4. Leverage the Hybrid Cloud
Many organizations have started to harness both private and public cloud offerings to create a hybrid cloud infrastructure. These hybrid clouds exploit the control and security of a private cloud, along with the flexibility and low cost of public cloud offerings. Together they can give you a powerful solution to meet the increased demands on IT from the rest of the organization. One of the biggest benefits of this approach is enhanced organizational agility – using public cloud, particularly in times of heavy usage, means you can experience fewer outages and less downtime. Testing and development of new applications is a good example use case for using the public cloud, as it gives you time to consider where you’d like to host those applications more permanently if or when they go into production. A hybrid approach also allows you to multi-purpose infrastructure – for data recovery and test and development simultaneously, for example – helping to cut down on costs and complexity.

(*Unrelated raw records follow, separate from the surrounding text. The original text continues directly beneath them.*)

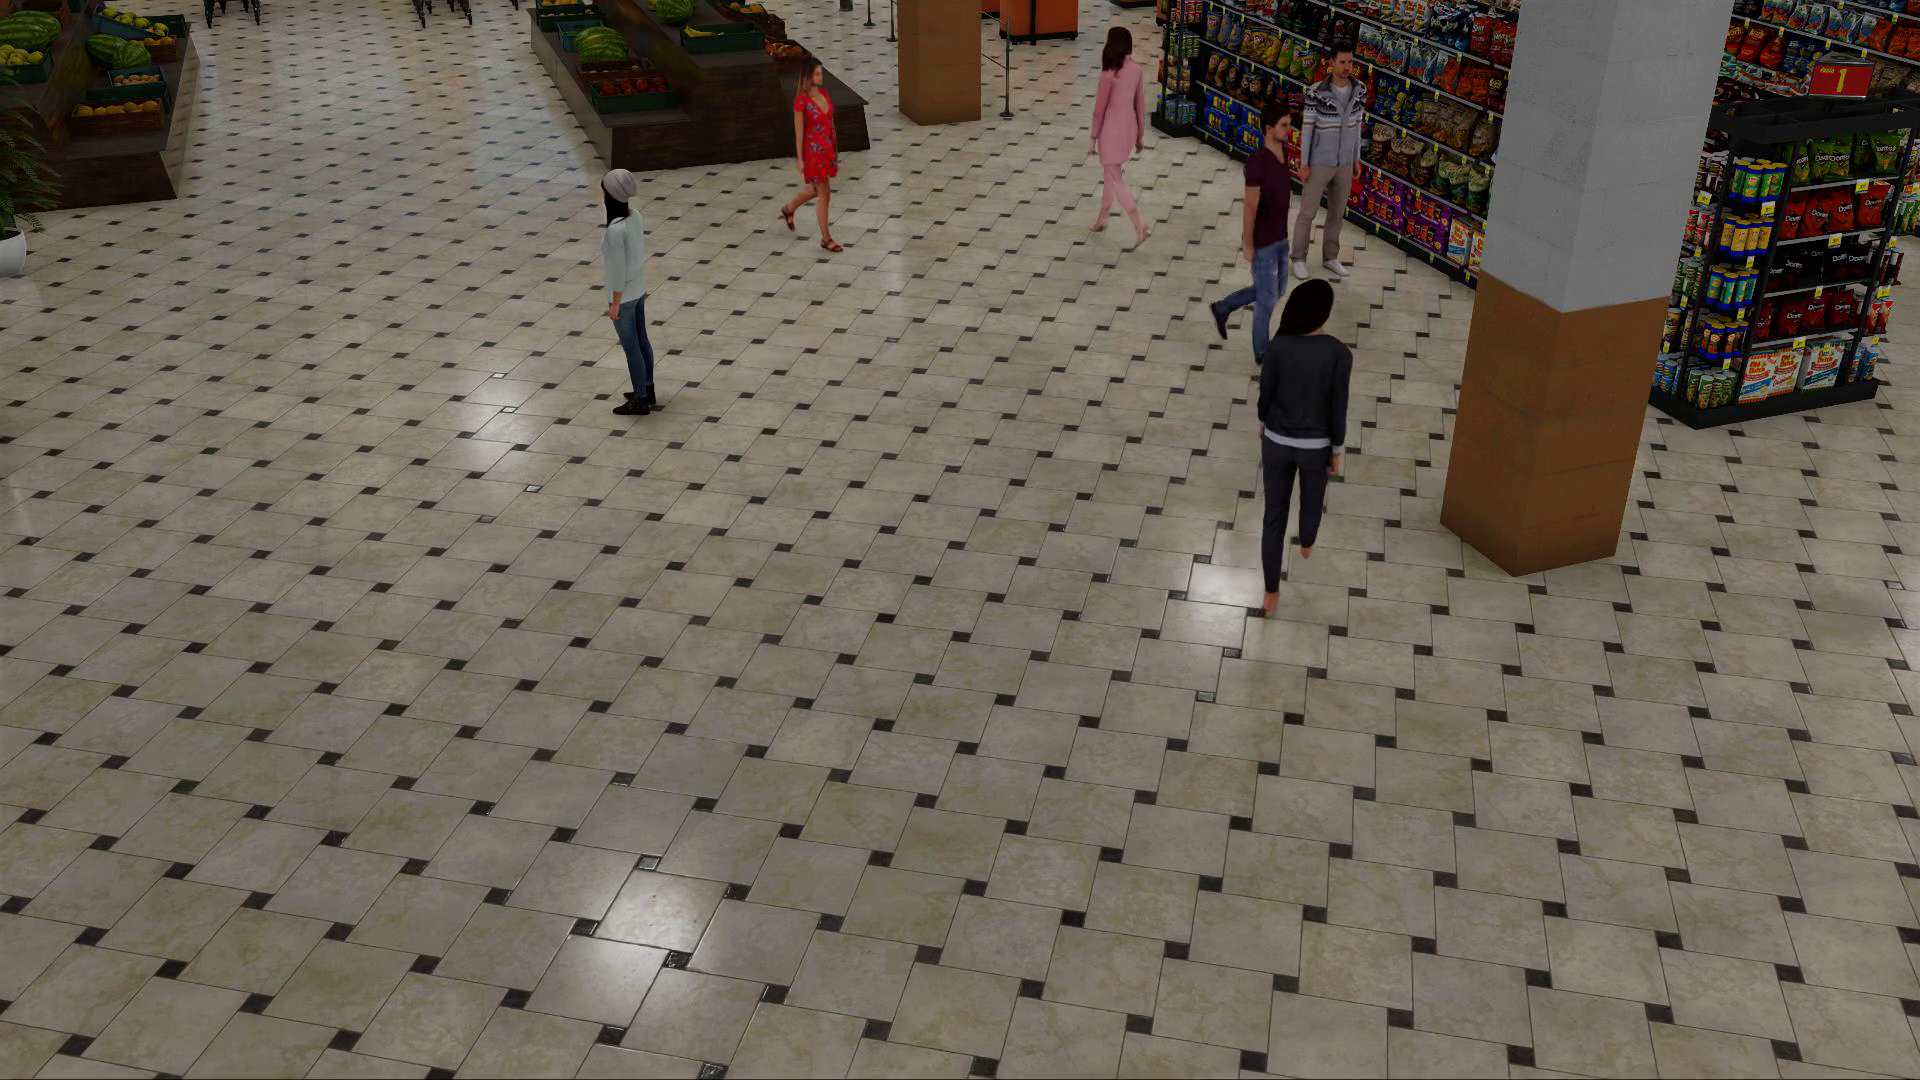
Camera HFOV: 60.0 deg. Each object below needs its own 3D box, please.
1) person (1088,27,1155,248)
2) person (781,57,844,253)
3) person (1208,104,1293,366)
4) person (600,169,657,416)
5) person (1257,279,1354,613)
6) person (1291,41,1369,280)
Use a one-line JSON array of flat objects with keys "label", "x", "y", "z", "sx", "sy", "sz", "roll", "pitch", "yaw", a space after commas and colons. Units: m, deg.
[{"label": "person", "x": 1.354, "y": -3.285, "z": 13.760, "sx": 0.843, "sy": 1.773, "sz": 1.169, "roll": -19, "pitch": 34, "yaw": -31}, {"label": "person", "x": -1.256, "y": -3.226, "z": 13.860, "sx": 1.028, "sy": 1.574, "sz": 0.896, "roll": 18, "pitch": 34, "yaw": 30}, {"label": "person", "x": 2.055, "y": -2.112, "z": 11.545, "sx": 1.095, "sy": 1.836, "sz": 0.970, "roll": 19, "pitch": 34, "yaw": 31}, {"label": "person", "x": -2.169, "y": -1.618, "z": 10.841, "sx": 0.704, "sy": 1.645, "sz": 0.594, "roll": 4, "pitch": 29, "yaw": 8}, {"label": "person", "x": 1.737, "y": -0.444, "z": 8.612, "sx": 1.014, "sy": 1.720, "sz": 1.171, "roll": 7, "pitch": 29, "yaw": 13}, {"label": "person", "x": 2.936, "y": -3.020, "z": 13.184, "sx": 0.697, "sy": 1.860, "sz": 0.555, "roll": -8, "pitch": 30, "yaw": -15}]
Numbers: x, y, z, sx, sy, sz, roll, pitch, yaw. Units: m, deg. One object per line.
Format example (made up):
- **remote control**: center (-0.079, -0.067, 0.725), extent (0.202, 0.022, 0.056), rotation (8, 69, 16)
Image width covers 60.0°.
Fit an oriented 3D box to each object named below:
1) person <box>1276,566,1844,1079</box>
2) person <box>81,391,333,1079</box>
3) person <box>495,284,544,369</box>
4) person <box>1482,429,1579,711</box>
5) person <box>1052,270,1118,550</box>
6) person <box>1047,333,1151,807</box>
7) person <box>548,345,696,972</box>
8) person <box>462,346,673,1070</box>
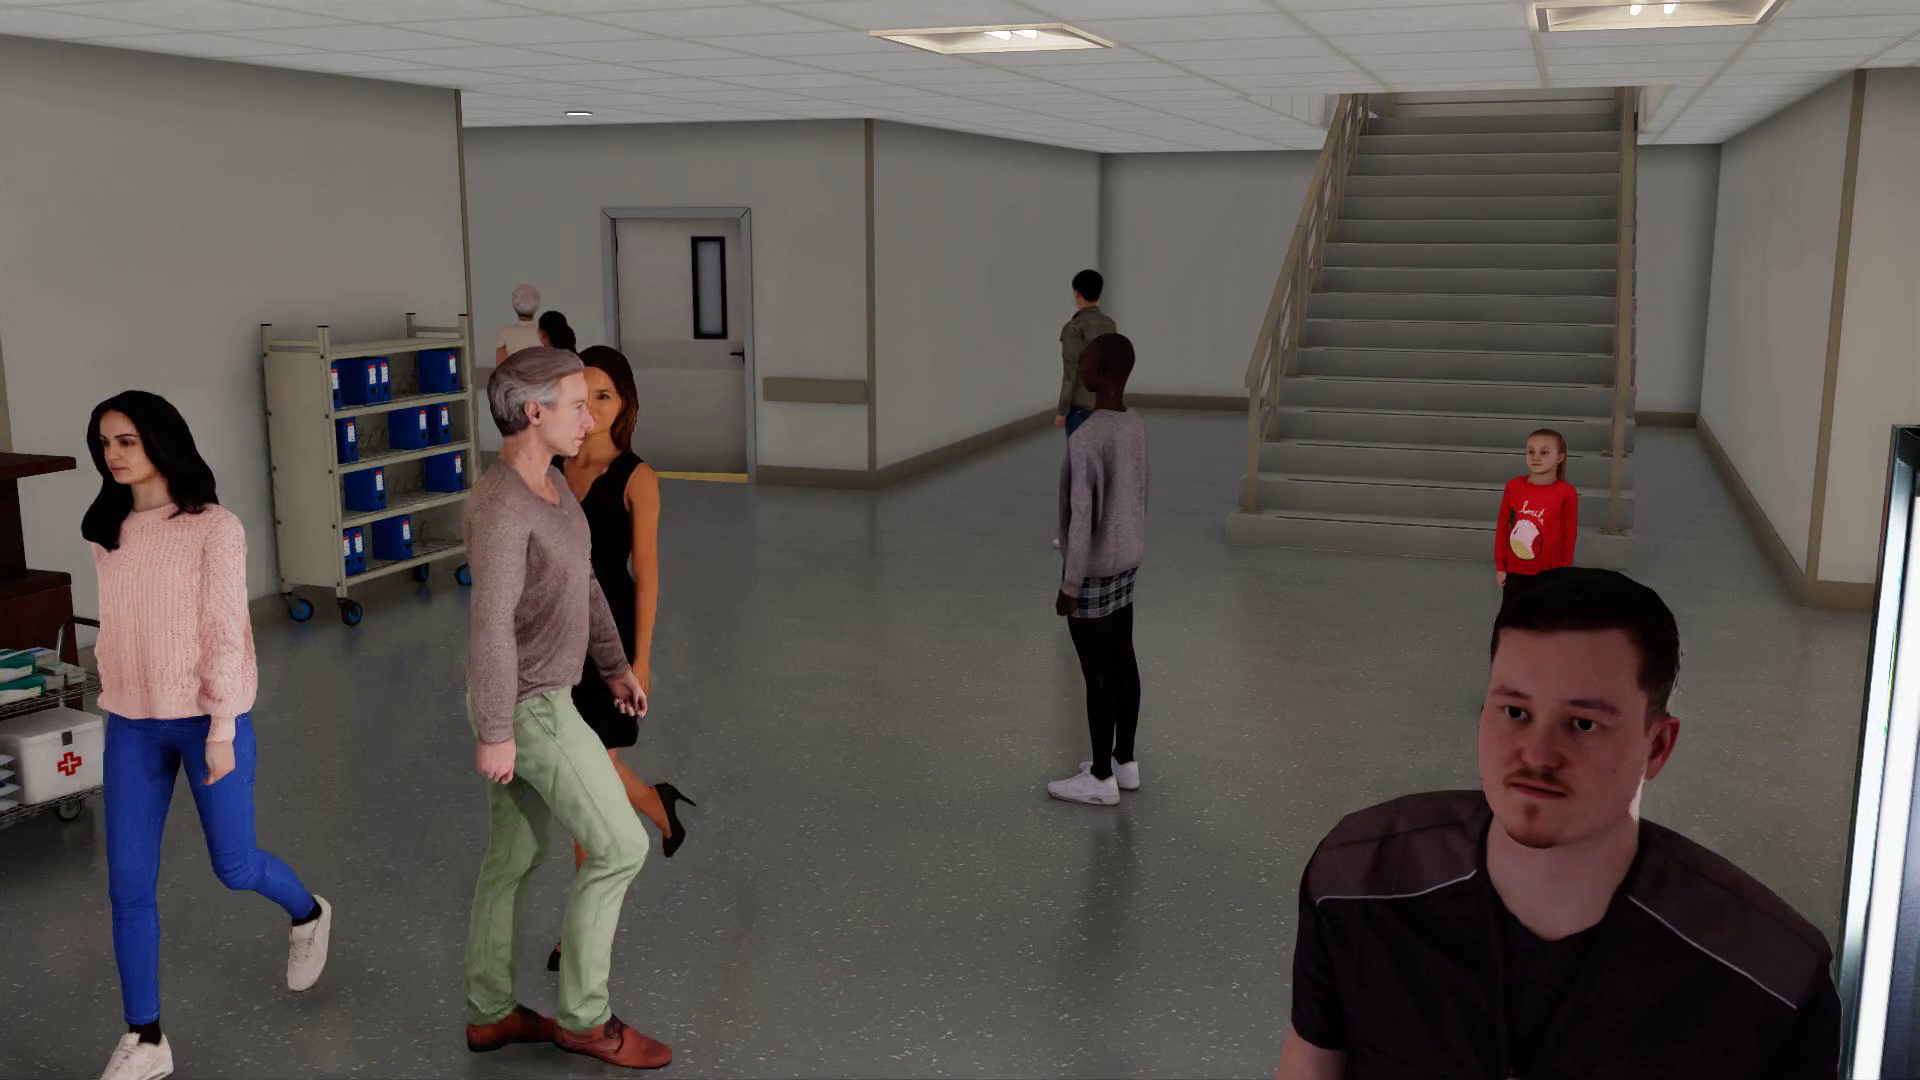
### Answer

Successfully implementing copy data virtualization can dramatically change the way an organization works. The sooner they can reduce the creation of physical copies, the less they will have to spend on storage and the quicker they can get to the analysis. The result is less data moving across networks, less data to store, greater efficiency in long-term retention, substantially reduced storage costs, and the elimination of costly operational complexity. In short, data virtualization gives an organization virtual sanity, and we believe it will be around for some time to come.